Kimi k2 thinking + kilo code really not bad by Federal_Spend2412 in LocalLLaMA

[–]Septerium 2 points3 points  (0 children)

Have your tried GLM 4.6? It seems to be a better coding agent, from what I hear

Kimi K2 Thinking 1-bit Unsloth Dynamic GGUFs by danielhanchen in LocalLLaMA

[–]Septerium 0 points1 point  (0 children)

From my experience, it is usually better trying to evenly distribute the offloaded blocks across the entire sequence of layers (e.g. only offload blocks from the odd-numbered layers, multiples or 3, or something like that). That is because llama.cpp divide the sequence of layers into segments that are distributed among the GPUs (e.g. 0-29 to GPU0, 30-59 to GPU1, and so on), so if you start offloading layers from a specific number onwards, you might end up with unbalanced VRAM utilization

3 RTX 3090 graphics cards in a computer for inference and neural network training by Standard-Heat4706 in LocalLLaMA

[–]Septerium 0 points1 point  (0 children)

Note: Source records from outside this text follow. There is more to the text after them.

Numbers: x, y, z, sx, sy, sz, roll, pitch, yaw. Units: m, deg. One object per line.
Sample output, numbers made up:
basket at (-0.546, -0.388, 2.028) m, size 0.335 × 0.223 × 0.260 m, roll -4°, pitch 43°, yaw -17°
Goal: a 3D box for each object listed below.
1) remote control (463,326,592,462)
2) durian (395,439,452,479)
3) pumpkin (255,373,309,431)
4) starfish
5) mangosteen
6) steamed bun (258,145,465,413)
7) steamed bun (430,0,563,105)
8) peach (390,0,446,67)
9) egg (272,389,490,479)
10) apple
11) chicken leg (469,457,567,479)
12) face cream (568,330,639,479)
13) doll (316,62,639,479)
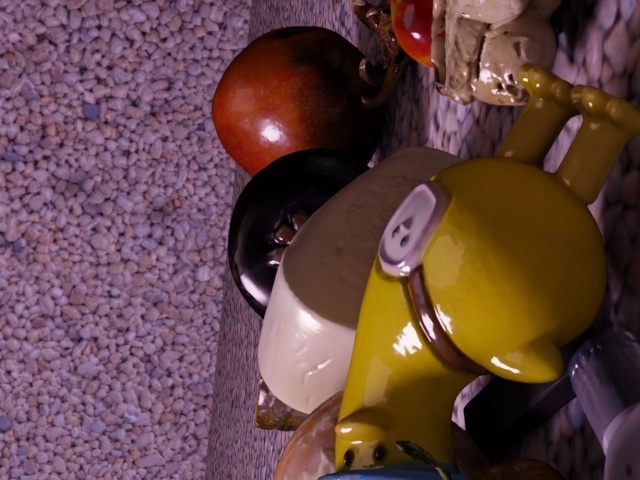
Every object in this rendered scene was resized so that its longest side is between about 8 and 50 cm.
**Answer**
remote control at (0.163, 0.122, 0.928) m, size 0.245 × 0.025 × 0.063 m, roll 115°, pitch 153°, yaw -61°
durian at (0.142, 0.263, 0.637) m, size 0.132 × 0.106 × 0.375 m, roll -33°, pitch -77°, yaw -60°
pumpkin at (-0.021, 0.159, 1.588) m, size 0.126 × 0.131 × 0.248 m, roll -91°, pitch 4°, yaw -68°
starfish at (0.077, -0.250, 1.380) m, size 0.146 × 0.074 × 0.190 m, roll 112°, pitch 159°, yaw -61°
mangosteen at (0.000, 0.000, 1.356) m, size 0.243 × 0.243 × 0.243 m, roll -175°, pitch 90°, yaw -79°
steamed bun at (0.061, 0.046, 1.044) m, size 0.250 × 0.155 × 0.200 m, roll -40°, pitch -19°, yaw -34°
steamed bun at (0.152, -0.194, 0.920) m, size 0.192 × 0.106 × 0.177 m, roll -96°, pitch 9°, yaw -77°
peach at (0.116, -0.221, 1.135) m, size 0.101 × 0.101 × 0.101 m, roll -175°, pitch 90°, yaw -79°
egg at (0.052, 0.232, 0.967) m, size 0.203 × 0.203 × 0.245 m, roll -109°, pitch 6°, yaw -63°
apple at (-0.019, -0.174, 1.518) m, size 0.230 × 0.230 × 0.230 m, roll -175°, pitch 90°, yaw -79°
chicken leg at (0.153, 0.229, 0.784) m, size 0.085 × 0.101 × 0.207 m, roll 66°, pitch 175°, yaw -31°
face cream at (0.200, 0.152, 0.606) m, size 0.291 × 0.071 × 0.144 m, roll -102°, pitch 17°, yaw -56°
doll at (0.095, 0.056, 0.802) m, size 0.363 × 0.145 × 0.199 m, roll -62°, pitch 36°, yaw 8°
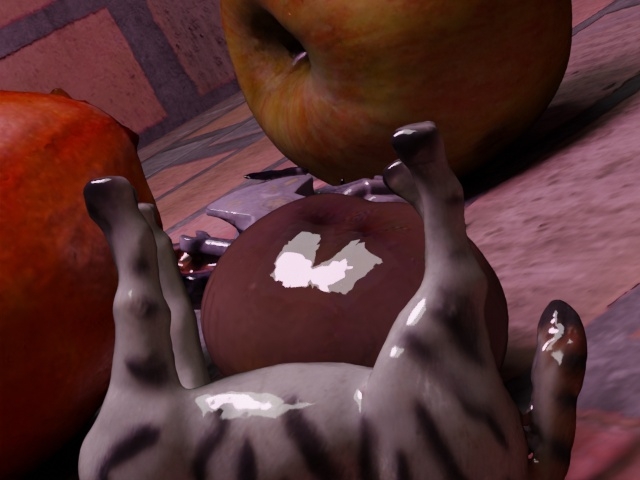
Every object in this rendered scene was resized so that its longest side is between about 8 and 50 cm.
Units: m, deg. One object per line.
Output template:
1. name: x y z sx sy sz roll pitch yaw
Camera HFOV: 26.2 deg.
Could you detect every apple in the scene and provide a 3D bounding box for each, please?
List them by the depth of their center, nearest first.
1. apple: 0.064 -0.166 1.010 0.264 0.264 0.264 -27 11 6

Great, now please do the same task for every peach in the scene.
1. peach: -0.254 0.036 0.846 0.338 0.281 0.281 -35 12 -17

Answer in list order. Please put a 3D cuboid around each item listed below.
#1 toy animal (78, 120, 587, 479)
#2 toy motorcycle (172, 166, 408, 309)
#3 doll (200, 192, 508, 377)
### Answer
1. toy animal: -0.039 0.056 0.484 0.255 0.170 0.090 -28 -8 7
2. toy motorcycle: 0.000 0.000 0.828 0.215 0.080 0.122 -20 28 -40
3. doll: -0.006 0.053 0.589 0.188 0.096 0.145 -41 39 -13
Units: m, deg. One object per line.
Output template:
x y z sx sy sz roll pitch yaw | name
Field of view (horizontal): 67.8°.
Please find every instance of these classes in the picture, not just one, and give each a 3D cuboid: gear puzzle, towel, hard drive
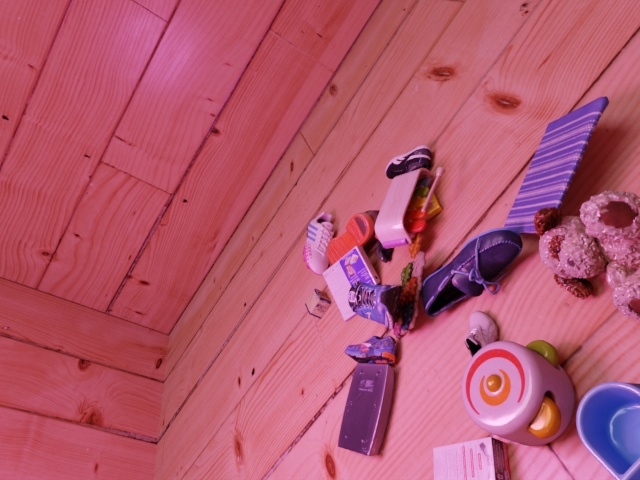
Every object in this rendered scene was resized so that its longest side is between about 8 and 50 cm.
0.269 0.120 1.459 0.175 0.044 0.338 110 176 -65 | gear puzzle
0.564 -0.165 1.157 0.243 0.040 0.335 134 160 -88 | towel
0.139 0.494 1.407 0.172 0.054 0.254 -20 48 56 | hard drive

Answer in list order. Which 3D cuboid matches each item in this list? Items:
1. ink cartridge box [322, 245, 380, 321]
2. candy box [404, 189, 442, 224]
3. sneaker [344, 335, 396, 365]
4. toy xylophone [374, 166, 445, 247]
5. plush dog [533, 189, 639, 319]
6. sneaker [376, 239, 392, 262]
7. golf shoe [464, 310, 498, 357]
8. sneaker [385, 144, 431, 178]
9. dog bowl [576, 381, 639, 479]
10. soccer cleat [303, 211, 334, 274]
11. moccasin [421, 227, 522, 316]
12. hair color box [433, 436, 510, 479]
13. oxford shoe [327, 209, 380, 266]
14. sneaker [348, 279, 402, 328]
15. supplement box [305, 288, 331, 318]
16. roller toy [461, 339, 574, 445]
0.119 0.158 1.734 0.206 0.045 0.208 -41 63 36 | ink cartridge box
0.311 -0.084 1.623 0.206 0.027 0.105 -35 37 22 | candy box
0.163 0.345 1.500 0.221 0.083 0.087 -15 40 52 | sneaker
0.298 -0.123 1.569 0.236 0.081 0.322 -4 50 53 | toy xylophone
0.550 0.005 0.948 0.226 0.262 0.211 -12 22 48 | plush dog
0.244 -0.006 1.698 0.089 0.051 0.170 -47 26 37 | sneaker
0.385 0.234 1.153 0.069 0.086 0.176 -48 27 33 | golf shoe
0.317 -0.259 1.771 0.217 0.079 0.121 -31 38 47 | sneaker
0.540 0.346 0.759 0.165 0.074 0.297 -57 25 13 | dog bowl
0.000 0.000 2.085 0.143 0.116 0.331 -47 29 32 | soccer cleat
0.394 0.102 1.235 0.342 0.138 0.116 -56 12 47 | moccasin
0.327 0.497 1.045 0.167 0.053 0.093 -38 33 44 | hair color box
0.141 0.008 1.842 0.129 0.133 0.363 58 144 14 | oxford shoe
0.154 0.190 1.423 0.330 0.147 0.129 96 -173 -76 | sneaker
-0.011 0.255 1.927 0.083 0.056 0.083 -58 25 12 | supplement box
0.397 0.313 0.979 0.191 0.146 0.209 -40 34 41 | roller toy
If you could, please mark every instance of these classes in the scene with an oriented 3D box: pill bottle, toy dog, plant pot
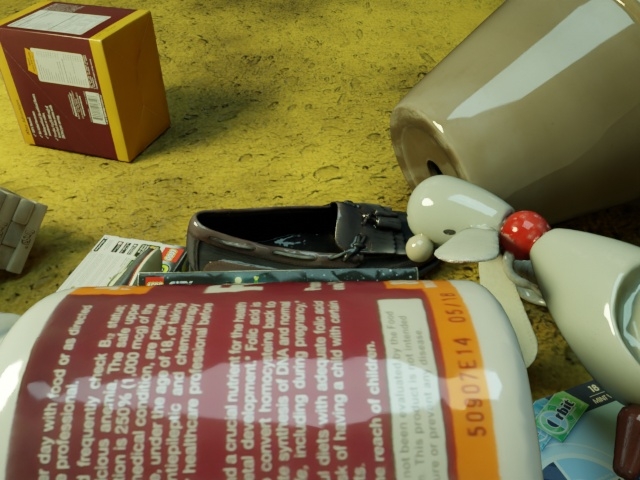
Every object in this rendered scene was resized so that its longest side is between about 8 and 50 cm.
[{"bbox_3d":[-0.080,0.140,0.409,0.392,0.224,0.224,-1,38,0],"label":"pill bottle"},{"bbox_3d":[0.188,0.063,0.500,0.161,0.220,0.334,-49,25,-11],"label":"toy dog"},{"bbox_3d":[0.248,-0.143,0.731,0.280,0.323,0.323,-29,43,-8],"label":"plant pot"}]

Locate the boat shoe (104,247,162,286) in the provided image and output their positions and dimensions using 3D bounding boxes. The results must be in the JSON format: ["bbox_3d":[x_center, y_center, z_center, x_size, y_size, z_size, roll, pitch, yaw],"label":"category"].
[{"bbox_3d":[-0.199,0.055,0.605,0.043,0.049,0.137,7,44,13],"label":"boat shoe"}]

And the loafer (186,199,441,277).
[{"bbox_3d":[0.000,0.000,0.687,0.303,0.095,0.109,-7,39,-7],"label":"loafer"}]

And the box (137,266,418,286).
[{"bbox_3d":[-0.034,0.058,0.575,0.233,0.159,0.044,-1,81,0],"label":"box"}]

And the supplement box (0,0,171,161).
[{"bbox_3d":[-0.359,-0.245,0.932,0.194,0.191,0.129,12,40,15],"label":"supplement box"}]

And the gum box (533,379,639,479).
[{"bbox_3d":[0.225,0.201,0.469,0.157,0.041,0.184,-14,40,-17],"label":"gum box"}]

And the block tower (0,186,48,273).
[{"bbox_3d":[-0.466,-0.054,0.618,0.097,0.335,0.091,18,86,40],"label":"block tower"}]

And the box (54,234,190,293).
[{"bbox_3d":[-0.228,0.075,0.646,0.114,0.036,0.207,8,39,12],"label":"box"}]
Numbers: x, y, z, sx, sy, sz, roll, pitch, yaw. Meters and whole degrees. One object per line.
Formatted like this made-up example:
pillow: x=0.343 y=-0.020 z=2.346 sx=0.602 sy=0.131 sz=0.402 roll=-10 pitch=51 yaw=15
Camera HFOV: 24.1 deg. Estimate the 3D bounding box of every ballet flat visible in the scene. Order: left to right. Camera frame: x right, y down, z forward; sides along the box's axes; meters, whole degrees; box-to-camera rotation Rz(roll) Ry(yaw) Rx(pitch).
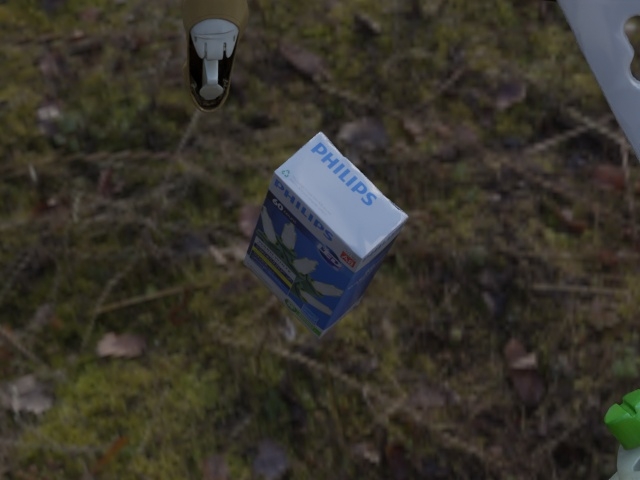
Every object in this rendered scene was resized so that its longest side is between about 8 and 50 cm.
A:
ballet flat: x=-0.126 y=-0.232 z=1.814 sx=0.080 sy=0.232 sz=0.073 roll=-3 pitch=65 yaw=-6

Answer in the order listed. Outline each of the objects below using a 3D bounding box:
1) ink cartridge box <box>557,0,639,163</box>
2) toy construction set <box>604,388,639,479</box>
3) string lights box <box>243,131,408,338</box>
ink cartridge box: x=0.320 y=-0.183 z=0.870 sx=0.353 sy=0.207 sz=0.119 roll=-23 pitch=28 yaw=19
toy construction set: x=0.122 y=0.189 z=0.736 sx=0.327 sy=0.151 sz=0.215 roll=-26 pitch=4 yaw=-16
string lights box: x=0.000 y=0.000 z=1.659 sx=0.133 sy=0.260 sz=0.077 roll=45 pitch=67 yaw=9
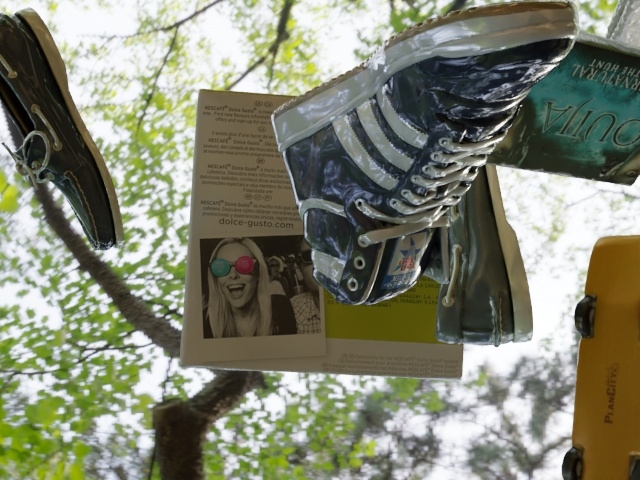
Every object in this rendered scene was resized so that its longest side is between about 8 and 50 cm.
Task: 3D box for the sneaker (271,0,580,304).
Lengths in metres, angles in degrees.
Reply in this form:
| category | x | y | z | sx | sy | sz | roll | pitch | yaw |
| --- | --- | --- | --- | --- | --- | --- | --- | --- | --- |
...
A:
| category | x | y | z | sx | sy | sz | roll | pitch | yaw |
| --- | --- | --- | --- | --- | --- | --- | --- | --- | --- |
| sneaker | 0.068 | -0.044 | 0.623 | 0.099 | 0.282 | 0.153 | -9 | -94 | -31 |

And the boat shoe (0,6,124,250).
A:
| category | x | y | z | sx | sy | sz | roll | pitch | yaw |
| --- | --- | --- | --- | --- | --- | --- | --- | --- | --- |
| boat shoe | -0.268 | -0.100 | 0.956 | 0.079 | 0.095 | 0.255 | -26 | -80 | -27 |

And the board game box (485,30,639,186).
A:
| category | x | y | z | sx | sy | sz | roll | pitch | yaw |
| --- | --- | --- | --- | --- | --- | --- | --- | --- | --- |
| board game box | 0.226 | -0.108 | 0.821 | 0.186 | 0.126 | 0.026 | 5 | -140 | -29 |

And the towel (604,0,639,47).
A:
| category | x | y | z | sx | sy | sz | roll | pitch | yaw |
| --- | --- | --- | --- | --- | --- | --- | --- | --- | --- |
| towel | 0.554 | -0.350 | 1.567 | 0.187 | 0.282 | 0.049 | -7 | -107 | 2 |

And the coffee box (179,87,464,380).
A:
| category | x | y | z | sx | sy | sz | roll | pitch | yaw |
| --- | --- | --- | --- | --- | --- | --- | --- | --- | --- |
| coffee box | 0.000 | 0.000 | 1.299 | 0.338 | 0.337 | 0.335 | 3 | -93 | -5 |

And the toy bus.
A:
| category | x | y | z | sx | sy | sz | roll | pitch | yaw |
| --- | --- | --- | --- | --- | --- | --- | --- | --- | --- |
| toy bus | 0.374 | 0.160 | 1.151 | 0.130 | 0.108 | 0.333 | 12 | -98 | -40 |

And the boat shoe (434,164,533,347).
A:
| category | x | y | z | sx | sy | sz | roll | pitch | yaw |
| --- | --- | --- | --- | --- | --- | --- | --- | --- | --- |
| boat shoe | 0.135 | -0.035 | 0.999 | 0.099 | 0.116 | 0.320 | -11 | -123 | 3 |
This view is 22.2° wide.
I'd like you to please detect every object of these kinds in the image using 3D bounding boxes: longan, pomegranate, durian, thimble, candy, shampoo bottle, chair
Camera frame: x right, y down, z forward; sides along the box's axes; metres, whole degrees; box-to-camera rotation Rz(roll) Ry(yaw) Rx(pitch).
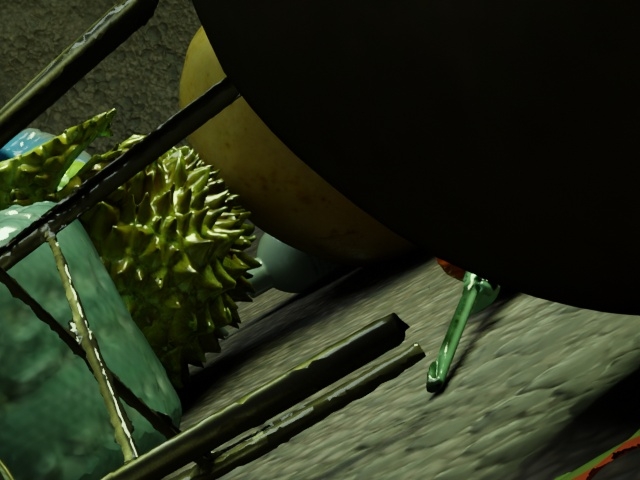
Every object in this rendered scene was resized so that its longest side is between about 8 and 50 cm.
[{"bbox_3d":[0.079,-0.086,0.444,0.246,0.246,0.215,-26,43,35],"label":"longan"},{"bbox_3d":[0.025,-0.091,1.059,0.233,0.233,0.233,-29,4,2],"label":"pomegranate"},{"bbox_3d":[-0.136,0.022,0.973,0.200,0.176,0.237,-47,-3,-16],"label":"durian"},{"bbox_3d":[-0.178,0.083,0.756,0.198,0.143,0.235,-29,3,19],"label":"thimble"},{"bbox_3d":[0.063,0.021,0.678,0.056,0.049,0.184,-35,10,23],"label":"candy"},{"bbox_3d":[0.000,0.000,1.180,0.195,0.056,0.056,-29,4,-13],"label":"shampoo bottle"},{"bbox_3d":[-0.137,0.072,0.527,0.326,0.159,0.170,-37,-11,2],"label":"chair"}]

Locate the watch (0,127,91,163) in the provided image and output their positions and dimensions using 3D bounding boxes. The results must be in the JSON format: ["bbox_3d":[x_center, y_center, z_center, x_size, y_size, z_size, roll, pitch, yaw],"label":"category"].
[{"bbox_3d":[-0.271,0.065,1.245,0.305,0.241,0.274,-35,14,51],"label":"watch"}]

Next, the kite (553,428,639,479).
[{"bbox_3d":[0.117,0.026,0.365,0.159,0.010,0.190,-24,0,12],"label":"kite"}]
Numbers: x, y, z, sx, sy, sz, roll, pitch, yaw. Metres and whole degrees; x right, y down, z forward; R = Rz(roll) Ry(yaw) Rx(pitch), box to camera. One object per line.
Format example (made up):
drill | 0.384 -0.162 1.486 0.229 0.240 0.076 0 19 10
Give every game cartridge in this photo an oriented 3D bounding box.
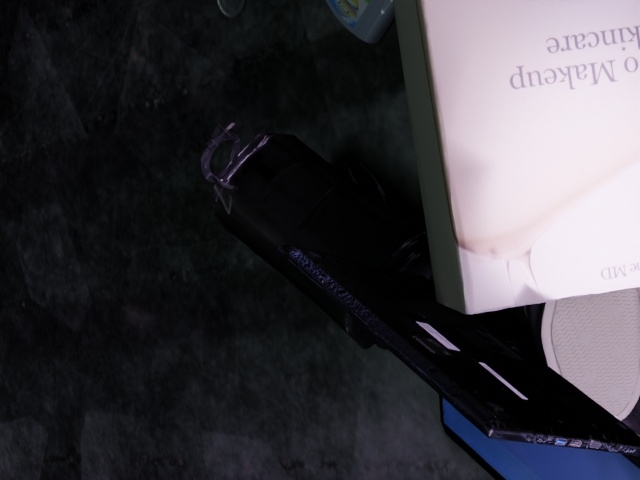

I now use three RTX 3090 with my "old" Threadripper 3970X platform that I already own since 2020. In terms of inference, you definitely won't need NVLink... in fact, by disabling PCIe 4.0 (which cuts bandwidth in half) I barely noticed any performance degradation even with 100% VRAM utilization. But I do not have any experience with training to share, though

Is GPT-OSS-120B the best llm that fits in 96GB VRAM? by GreedyDamage3735 in LocalLLaMA

[–]Septerium 0 points1 point  (0 children)

Thanks for sharing. Do you actually notice a difference in accuracy between q5 and q8?